▶ [REQUIRED WORK]
Print every line of the listing below, starting with the line that holds "blk = doc.blocks.new('_CLOSEDFILLED')" and going on through the line that holds "blk = doc.blocks.new('*D3')", both included, and print nothing else.

▶ [GIVEN DATA]
=-=-=
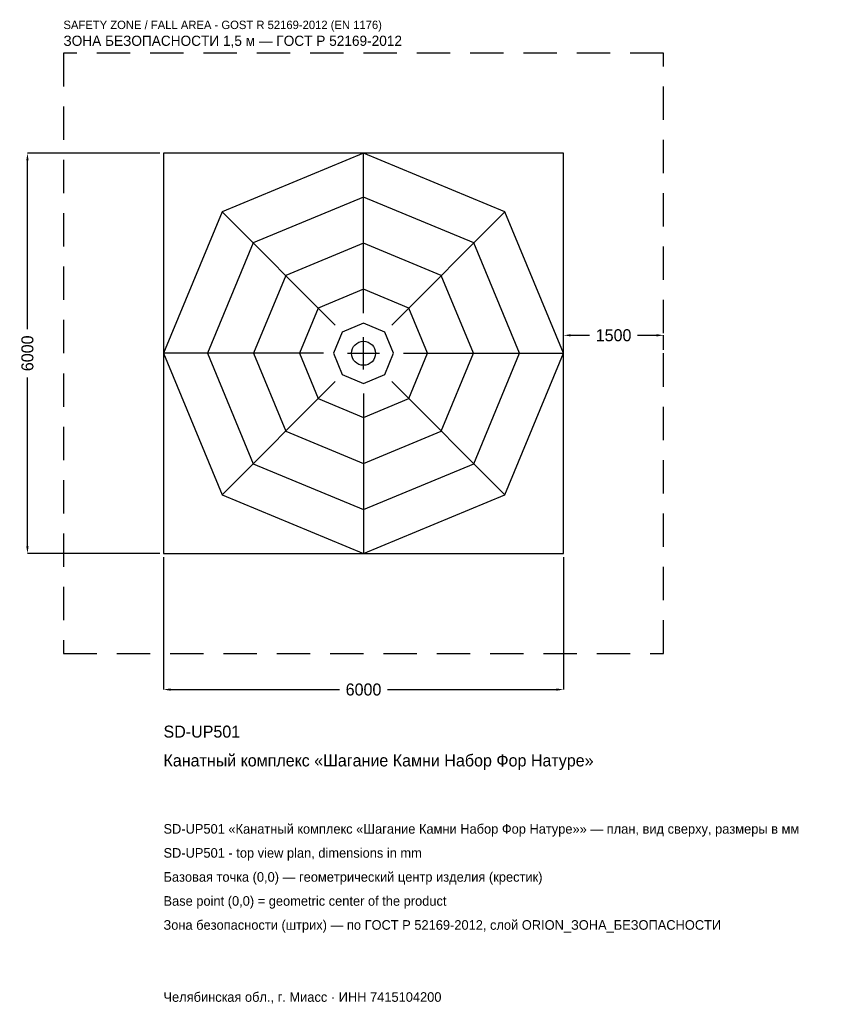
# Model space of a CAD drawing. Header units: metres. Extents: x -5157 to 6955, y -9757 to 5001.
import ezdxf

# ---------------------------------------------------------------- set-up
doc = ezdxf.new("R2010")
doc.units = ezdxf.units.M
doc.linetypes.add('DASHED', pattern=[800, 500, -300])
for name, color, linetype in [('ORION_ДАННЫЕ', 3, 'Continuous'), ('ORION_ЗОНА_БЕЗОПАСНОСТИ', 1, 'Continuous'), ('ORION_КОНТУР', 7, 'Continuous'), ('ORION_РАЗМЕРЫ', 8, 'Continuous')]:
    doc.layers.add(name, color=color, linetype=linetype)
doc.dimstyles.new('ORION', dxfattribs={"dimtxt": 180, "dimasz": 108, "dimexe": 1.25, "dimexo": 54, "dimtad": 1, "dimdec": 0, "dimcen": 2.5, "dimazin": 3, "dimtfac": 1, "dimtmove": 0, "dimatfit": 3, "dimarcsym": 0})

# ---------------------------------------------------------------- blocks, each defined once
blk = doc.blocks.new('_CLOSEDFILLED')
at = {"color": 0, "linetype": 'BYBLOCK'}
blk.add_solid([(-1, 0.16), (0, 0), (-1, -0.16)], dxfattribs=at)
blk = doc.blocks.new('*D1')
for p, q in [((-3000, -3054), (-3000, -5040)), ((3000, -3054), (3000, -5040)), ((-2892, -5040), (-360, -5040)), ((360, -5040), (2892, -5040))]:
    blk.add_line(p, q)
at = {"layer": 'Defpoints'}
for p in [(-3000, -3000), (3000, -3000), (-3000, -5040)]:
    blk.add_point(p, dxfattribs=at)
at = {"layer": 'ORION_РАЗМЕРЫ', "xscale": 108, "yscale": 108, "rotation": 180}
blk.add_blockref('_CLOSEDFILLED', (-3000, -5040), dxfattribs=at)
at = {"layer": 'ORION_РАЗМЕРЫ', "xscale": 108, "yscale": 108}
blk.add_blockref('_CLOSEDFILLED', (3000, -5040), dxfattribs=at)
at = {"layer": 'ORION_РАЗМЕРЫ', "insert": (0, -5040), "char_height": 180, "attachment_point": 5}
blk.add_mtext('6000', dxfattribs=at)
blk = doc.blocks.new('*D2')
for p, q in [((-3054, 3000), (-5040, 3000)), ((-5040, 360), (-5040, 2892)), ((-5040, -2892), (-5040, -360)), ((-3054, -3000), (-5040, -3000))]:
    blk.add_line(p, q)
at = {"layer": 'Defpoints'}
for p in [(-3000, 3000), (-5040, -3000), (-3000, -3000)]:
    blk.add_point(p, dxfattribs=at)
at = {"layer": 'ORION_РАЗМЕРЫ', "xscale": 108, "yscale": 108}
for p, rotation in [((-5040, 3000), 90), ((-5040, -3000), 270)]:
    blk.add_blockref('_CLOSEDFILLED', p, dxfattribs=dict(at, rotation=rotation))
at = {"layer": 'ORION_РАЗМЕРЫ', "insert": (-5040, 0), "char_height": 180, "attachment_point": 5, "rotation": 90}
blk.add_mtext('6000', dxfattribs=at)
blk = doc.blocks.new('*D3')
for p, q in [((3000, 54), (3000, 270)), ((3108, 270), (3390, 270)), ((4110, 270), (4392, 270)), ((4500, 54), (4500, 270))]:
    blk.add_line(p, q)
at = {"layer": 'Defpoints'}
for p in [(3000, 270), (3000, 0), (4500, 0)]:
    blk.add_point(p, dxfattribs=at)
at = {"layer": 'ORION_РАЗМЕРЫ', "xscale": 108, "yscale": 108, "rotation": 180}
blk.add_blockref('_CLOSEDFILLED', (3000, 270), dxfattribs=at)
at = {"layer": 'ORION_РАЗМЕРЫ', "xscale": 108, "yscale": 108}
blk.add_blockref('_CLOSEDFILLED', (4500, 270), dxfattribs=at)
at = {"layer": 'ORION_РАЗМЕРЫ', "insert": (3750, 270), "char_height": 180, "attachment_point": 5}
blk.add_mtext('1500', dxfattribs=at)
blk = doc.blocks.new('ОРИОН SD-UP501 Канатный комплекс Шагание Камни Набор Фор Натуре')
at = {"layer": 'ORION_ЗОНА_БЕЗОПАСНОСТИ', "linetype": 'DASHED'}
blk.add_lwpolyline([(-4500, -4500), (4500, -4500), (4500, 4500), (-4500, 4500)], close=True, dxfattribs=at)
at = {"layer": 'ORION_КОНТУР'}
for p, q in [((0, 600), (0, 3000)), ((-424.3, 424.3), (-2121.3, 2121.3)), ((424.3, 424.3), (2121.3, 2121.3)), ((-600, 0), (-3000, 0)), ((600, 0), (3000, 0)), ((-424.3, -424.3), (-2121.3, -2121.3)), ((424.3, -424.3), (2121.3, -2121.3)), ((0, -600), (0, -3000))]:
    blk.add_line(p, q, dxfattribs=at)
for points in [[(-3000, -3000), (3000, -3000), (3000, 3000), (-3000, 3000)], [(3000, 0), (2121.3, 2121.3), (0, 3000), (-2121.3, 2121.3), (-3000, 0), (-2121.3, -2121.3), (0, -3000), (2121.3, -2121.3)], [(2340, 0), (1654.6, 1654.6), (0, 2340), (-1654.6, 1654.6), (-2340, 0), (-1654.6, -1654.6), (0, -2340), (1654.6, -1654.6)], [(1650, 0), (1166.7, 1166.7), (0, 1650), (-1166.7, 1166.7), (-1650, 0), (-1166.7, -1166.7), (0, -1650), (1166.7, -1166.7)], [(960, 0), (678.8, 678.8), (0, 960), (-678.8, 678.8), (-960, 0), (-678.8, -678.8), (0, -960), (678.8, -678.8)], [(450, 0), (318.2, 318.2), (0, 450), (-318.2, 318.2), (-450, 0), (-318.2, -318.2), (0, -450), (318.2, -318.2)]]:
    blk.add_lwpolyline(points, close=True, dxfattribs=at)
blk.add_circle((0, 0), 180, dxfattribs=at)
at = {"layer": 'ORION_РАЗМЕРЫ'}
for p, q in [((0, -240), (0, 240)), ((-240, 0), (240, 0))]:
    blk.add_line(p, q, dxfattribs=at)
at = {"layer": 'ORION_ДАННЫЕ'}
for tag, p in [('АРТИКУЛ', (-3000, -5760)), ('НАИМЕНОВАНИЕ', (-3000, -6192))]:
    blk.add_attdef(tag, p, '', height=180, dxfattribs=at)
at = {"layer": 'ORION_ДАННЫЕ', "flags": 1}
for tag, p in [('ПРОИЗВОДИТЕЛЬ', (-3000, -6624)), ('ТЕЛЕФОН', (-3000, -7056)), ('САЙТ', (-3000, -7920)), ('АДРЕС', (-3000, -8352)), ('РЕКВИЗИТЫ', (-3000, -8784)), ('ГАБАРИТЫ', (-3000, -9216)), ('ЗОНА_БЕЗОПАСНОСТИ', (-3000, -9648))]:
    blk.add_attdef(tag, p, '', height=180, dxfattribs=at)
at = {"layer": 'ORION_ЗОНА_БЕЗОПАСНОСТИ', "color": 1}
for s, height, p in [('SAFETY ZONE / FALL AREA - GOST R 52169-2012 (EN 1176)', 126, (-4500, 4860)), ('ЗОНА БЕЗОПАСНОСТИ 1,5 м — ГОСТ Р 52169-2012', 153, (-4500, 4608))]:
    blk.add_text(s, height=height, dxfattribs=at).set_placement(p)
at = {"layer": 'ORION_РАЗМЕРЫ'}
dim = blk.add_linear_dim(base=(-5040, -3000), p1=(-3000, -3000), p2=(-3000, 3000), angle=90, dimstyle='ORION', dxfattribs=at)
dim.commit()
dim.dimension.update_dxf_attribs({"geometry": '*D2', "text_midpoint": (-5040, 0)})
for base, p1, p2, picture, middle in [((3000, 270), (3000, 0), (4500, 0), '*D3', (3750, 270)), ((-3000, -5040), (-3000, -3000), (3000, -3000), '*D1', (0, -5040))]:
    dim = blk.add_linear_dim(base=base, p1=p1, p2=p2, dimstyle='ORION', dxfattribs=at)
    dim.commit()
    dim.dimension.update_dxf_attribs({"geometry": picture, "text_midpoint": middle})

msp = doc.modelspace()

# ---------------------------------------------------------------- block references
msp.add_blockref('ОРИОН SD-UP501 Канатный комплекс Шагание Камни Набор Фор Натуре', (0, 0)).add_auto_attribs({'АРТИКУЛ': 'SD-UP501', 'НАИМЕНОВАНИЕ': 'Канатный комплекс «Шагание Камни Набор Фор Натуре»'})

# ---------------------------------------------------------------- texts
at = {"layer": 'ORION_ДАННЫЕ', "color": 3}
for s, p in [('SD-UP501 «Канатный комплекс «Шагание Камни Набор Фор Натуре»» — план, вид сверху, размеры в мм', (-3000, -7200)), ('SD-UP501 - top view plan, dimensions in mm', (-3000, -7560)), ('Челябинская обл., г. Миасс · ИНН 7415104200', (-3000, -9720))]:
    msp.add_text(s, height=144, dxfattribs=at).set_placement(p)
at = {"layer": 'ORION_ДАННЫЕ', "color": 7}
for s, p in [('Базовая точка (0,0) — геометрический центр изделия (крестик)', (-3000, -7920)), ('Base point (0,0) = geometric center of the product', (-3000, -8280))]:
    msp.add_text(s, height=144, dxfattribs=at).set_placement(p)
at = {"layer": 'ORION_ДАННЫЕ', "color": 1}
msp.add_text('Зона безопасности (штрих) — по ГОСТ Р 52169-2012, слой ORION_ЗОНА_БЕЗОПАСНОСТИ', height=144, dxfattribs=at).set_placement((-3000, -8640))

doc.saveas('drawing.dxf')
=-=-=
▶ [RESULT OF THIS TASK]
blk = doc.blocks.new('_CLOSEDFILLED')
at = {"color": 0, "linetype": 'BYBLOCK'}
blk.add_solid([(-1, 0.16), (0, 0), (-1, -0.16)], dxfattribs=at)
blk = doc.blocks.new('*D1')
for p, q in [((-3000, -3054), (-3000, -5040)), ((3000, -3054), (3000, -5040)), ((-2892, -5040), (-360, -5040)), ((360, -5040), (2892, -5040))]:
    blk.add_line(p, q)
at = {"layer": 'Defpoints'}
for p in [(-3000, -3000), (3000, -3000), (-3000, -5040)]:
    blk.add_point(p, dxfattribs=at)
at = {"layer": 'ORION_РАЗМЕРЫ', "xscale": 108, "yscale": 108, "rotation": 180}
blk.add_blockref('_CLOSEDFILLED', (-3000, -5040), dxfattribs=at)
at = {"layer": 'ORION_РАЗМЕРЫ', "xscale": 108, "yscale": 108}
blk.add_blockref('_CLOSEDFILLED', (3000, -5040), dxfattribs=at)
at = {"layer": 'ORION_РАЗМЕРЫ', "insert": (0, -5040), "char_height": 180, "attachment_point": 5}
blk.add_mtext('6000', dxfattribs=at)
blk = doc.blocks.new('*D2')
for p, q in [((-3054, 3000), (-5040, 3000)), ((-5040, 360), (-5040, 2892)), ((-5040, -2892), (-5040, -360)), ((-3054, -3000), (-5040, -3000))]:
    blk.add_line(p, q)
at = {"layer": 'Defpoints'}
for p in [(-3000, 3000), (-5040, -3000), (-3000, -3000)]:
    blk.add_point(p, dxfattribs=at)
at = {"layer": 'ORION_РАЗМЕРЫ', "xscale": 108, "yscale": 108}
for p, rotation in [((-5040, 3000), 90), ((-5040, -3000), 270)]:
    blk.add_blockref('_CLOSEDFILLED', p, dxfattribs=dict(at, rotation=rotation))
at = {"layer": 'ORION_РАЗМЕРЫ', "insert": (-5040, 0), "char_height": 180, "attachment_point": 5, "rotation": 90}
blk.add_mtext('6000', dxfattribs=at)
blk = doc.blocks.new('*D3')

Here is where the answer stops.